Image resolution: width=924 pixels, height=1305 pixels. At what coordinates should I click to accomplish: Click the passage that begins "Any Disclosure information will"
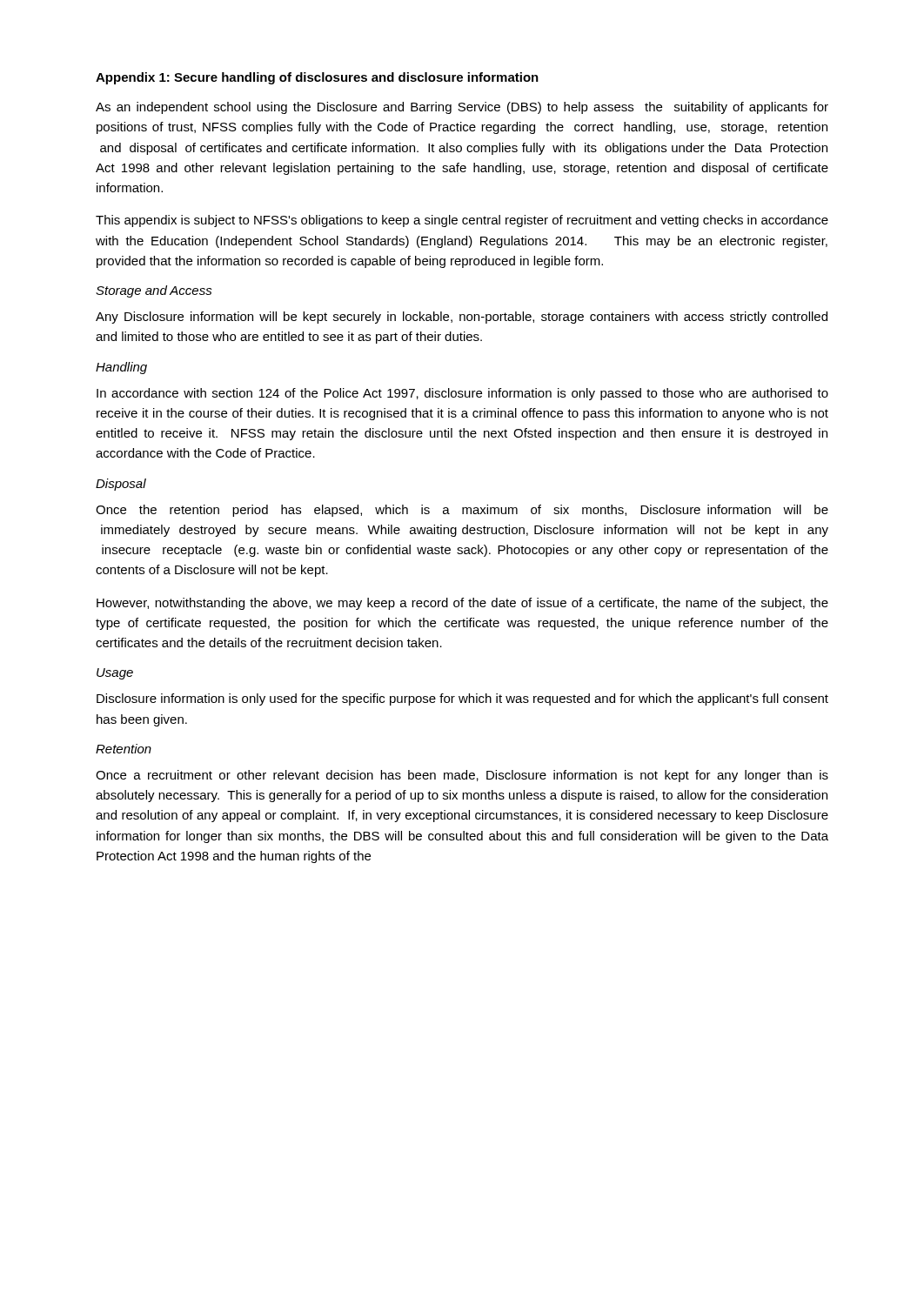click(x=462, y=326)
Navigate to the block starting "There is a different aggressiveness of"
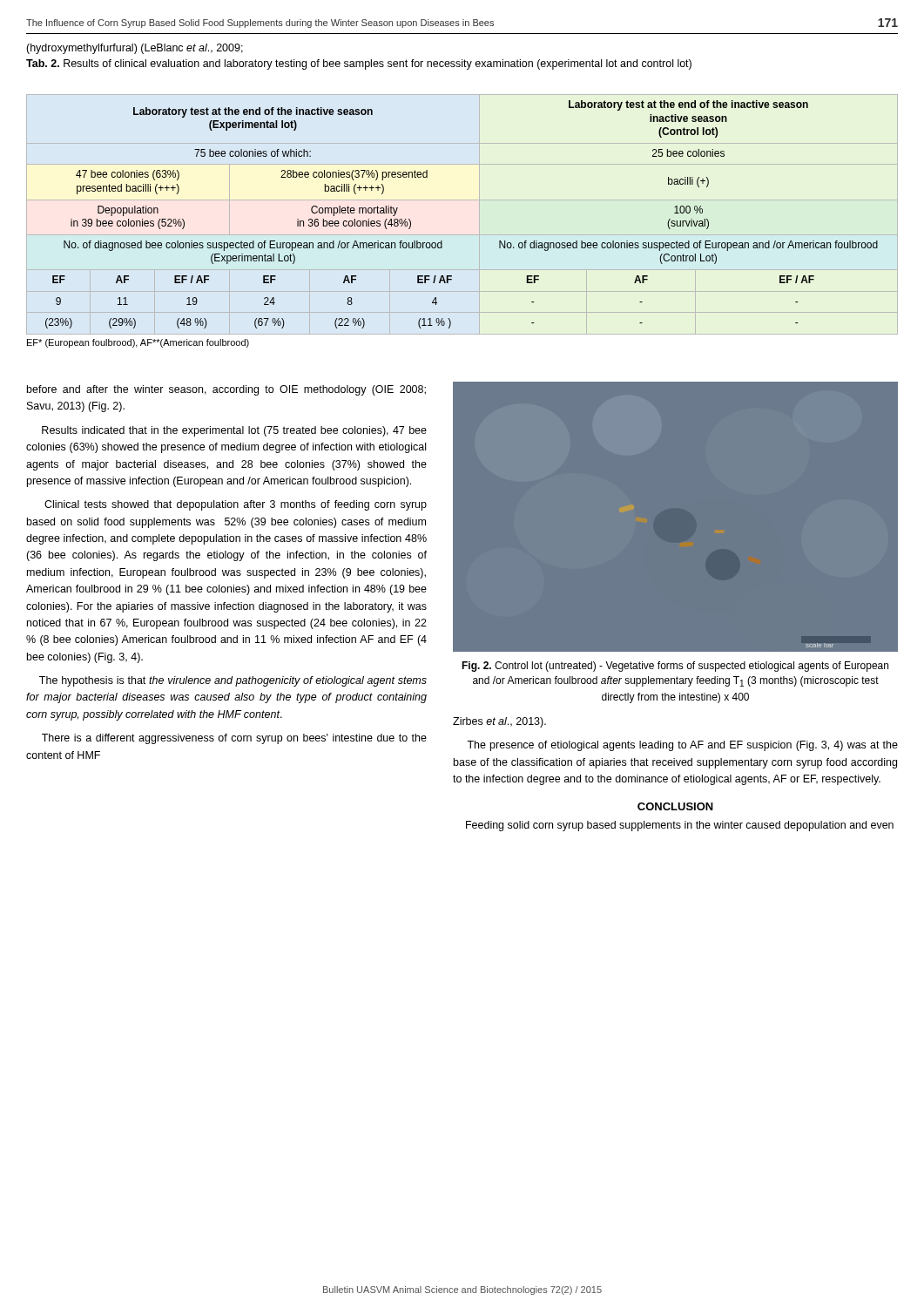 pyautogui.click(x=226, y=747)
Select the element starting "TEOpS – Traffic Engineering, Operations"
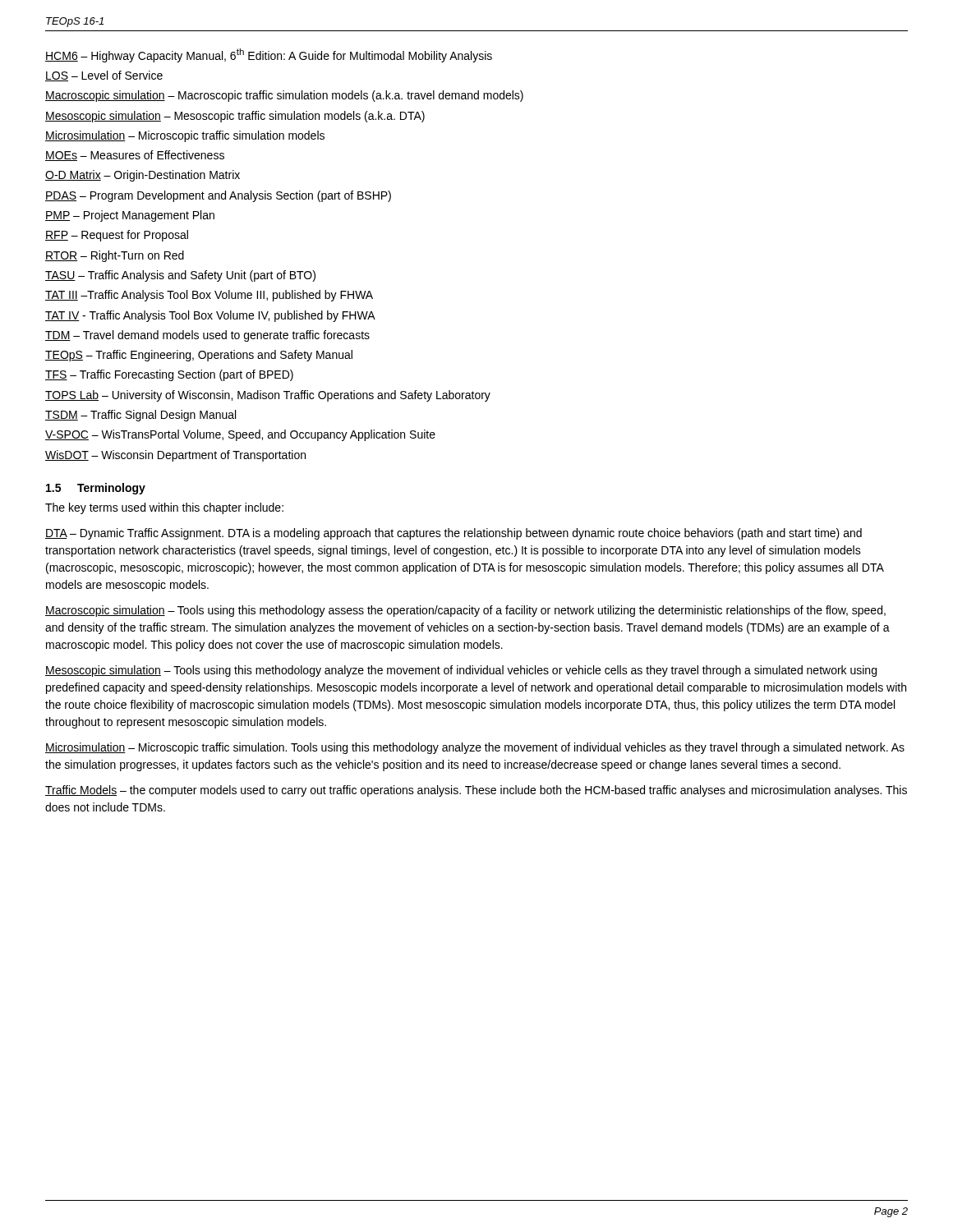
——
Could you give the material above again, exactly and without its pictures?

Solution |
Image resolution: width=924 pixels, height=1305 pixels. At what coordinates should I click to accomplish: Click the passage that begins "Any Disclosure information will"
click(x=462, y=326)
Navigate to the block starting "There is a different aggressiveness of"
 pyautogui.click(x=226, y=747)
Select the element starting "TEOpS – Traffic Engineering, Operations"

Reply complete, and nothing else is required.